The problem =
From the records below, find each line with the string "Units" and copy it.

Provided entries =
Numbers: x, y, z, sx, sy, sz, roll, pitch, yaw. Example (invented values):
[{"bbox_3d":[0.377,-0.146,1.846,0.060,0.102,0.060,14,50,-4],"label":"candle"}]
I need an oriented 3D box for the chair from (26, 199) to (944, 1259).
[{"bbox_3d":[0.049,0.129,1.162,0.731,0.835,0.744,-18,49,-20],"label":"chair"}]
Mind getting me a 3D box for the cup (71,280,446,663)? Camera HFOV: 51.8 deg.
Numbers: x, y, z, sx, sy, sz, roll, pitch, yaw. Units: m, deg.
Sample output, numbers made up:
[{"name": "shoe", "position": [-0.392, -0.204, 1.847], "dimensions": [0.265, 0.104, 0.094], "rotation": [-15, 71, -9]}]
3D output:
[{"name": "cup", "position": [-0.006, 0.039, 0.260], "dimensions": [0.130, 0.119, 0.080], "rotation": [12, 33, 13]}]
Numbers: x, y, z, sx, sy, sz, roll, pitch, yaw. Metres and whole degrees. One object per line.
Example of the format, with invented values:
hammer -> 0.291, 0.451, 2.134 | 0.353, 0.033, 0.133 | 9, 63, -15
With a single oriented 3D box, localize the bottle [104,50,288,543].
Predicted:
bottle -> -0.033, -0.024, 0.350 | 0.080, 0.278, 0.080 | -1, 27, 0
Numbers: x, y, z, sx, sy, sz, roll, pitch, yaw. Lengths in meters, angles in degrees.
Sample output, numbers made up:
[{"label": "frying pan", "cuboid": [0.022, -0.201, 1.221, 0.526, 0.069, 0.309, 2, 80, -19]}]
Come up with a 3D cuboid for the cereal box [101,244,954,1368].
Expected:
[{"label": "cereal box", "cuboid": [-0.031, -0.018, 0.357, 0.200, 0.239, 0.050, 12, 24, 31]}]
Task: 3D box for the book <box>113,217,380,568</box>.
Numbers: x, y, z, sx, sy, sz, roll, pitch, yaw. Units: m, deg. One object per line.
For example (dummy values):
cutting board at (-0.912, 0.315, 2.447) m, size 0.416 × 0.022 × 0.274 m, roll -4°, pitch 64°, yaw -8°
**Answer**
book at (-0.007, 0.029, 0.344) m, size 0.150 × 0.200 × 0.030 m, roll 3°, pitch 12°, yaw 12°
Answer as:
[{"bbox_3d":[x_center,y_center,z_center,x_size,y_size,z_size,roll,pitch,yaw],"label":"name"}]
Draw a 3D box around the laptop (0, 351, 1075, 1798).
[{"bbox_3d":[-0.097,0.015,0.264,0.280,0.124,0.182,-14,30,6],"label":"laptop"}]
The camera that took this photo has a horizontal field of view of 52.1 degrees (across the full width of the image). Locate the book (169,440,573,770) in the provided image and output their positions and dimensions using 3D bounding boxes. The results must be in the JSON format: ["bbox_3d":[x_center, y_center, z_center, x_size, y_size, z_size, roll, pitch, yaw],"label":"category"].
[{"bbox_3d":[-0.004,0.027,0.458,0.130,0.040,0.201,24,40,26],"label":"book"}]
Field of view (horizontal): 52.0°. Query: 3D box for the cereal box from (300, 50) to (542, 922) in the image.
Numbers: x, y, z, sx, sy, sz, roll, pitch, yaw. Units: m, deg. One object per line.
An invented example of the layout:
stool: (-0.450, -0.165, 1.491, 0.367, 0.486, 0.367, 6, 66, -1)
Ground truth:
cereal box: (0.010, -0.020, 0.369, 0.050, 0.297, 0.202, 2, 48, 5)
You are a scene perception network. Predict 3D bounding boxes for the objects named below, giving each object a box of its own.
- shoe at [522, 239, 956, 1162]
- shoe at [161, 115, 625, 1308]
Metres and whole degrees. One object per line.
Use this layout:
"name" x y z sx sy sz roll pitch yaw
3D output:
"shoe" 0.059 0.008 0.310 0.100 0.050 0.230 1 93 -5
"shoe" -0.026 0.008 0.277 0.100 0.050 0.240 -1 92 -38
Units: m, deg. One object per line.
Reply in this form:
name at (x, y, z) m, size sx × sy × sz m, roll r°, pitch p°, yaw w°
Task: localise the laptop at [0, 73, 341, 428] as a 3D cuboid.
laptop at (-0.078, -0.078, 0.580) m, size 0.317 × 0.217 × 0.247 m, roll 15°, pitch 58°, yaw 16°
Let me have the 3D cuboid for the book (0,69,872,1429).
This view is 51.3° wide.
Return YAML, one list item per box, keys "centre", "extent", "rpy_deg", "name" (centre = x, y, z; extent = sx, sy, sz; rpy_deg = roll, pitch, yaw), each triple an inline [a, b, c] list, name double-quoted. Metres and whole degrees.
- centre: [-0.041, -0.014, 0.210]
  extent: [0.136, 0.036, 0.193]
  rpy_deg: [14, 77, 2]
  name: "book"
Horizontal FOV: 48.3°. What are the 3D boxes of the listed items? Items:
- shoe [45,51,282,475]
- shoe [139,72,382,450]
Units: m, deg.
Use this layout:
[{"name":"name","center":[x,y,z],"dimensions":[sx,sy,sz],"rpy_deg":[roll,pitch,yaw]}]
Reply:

Result of the exercise =
Numbers: x, y, z, sx, sy, sz, roll, pitch, yaw. Units: m, deg.
Numbers: x, y, z, sx, sy, sz, roll, pitch, yaw. Units: m, deg. One object per line.
Numbers: x, y, z, sx, sy, sz, roll, pitch, yaw. Units: m, deg. One object per line.
Units: m, deg. One object per line.
Units: m, deg.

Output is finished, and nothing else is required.